From the line containing "4) graphics card box [242,0,475,83]" down to the last line of the material, output each line exactly as it appears, excluding pictures.

*DATASET*:
>>
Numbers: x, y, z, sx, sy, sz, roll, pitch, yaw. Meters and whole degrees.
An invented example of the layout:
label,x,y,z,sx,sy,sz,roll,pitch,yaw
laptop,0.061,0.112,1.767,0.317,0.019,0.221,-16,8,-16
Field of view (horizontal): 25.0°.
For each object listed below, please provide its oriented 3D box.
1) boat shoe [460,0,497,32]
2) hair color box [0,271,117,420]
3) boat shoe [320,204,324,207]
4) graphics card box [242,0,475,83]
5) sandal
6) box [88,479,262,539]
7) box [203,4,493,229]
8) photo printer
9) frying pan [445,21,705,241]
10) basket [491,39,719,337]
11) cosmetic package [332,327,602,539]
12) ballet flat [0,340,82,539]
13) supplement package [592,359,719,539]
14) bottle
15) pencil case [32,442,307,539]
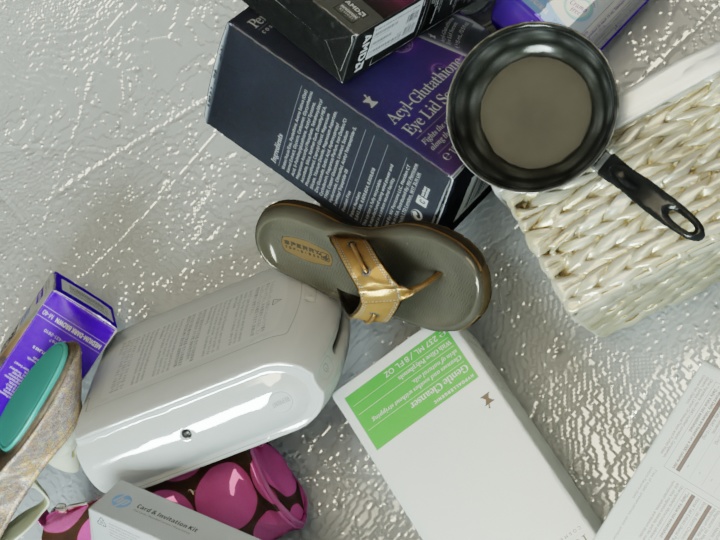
<<
*TASK ANSWER*:
4) graphics card box [242,0,475,83]
5) sandal
6) box [88,479,262,539]
7) box [203,4,493,229]
8) photo printer
9) frying pan [445,21,705,241]
10) basket [491,39,719,337]
11) cosmetic package [332,327,602,539]
12) ballet flat [0,340,82,539]
13) supplement package [592,359,719,539]
14) bottle
15) pencil case [32,442,307,539]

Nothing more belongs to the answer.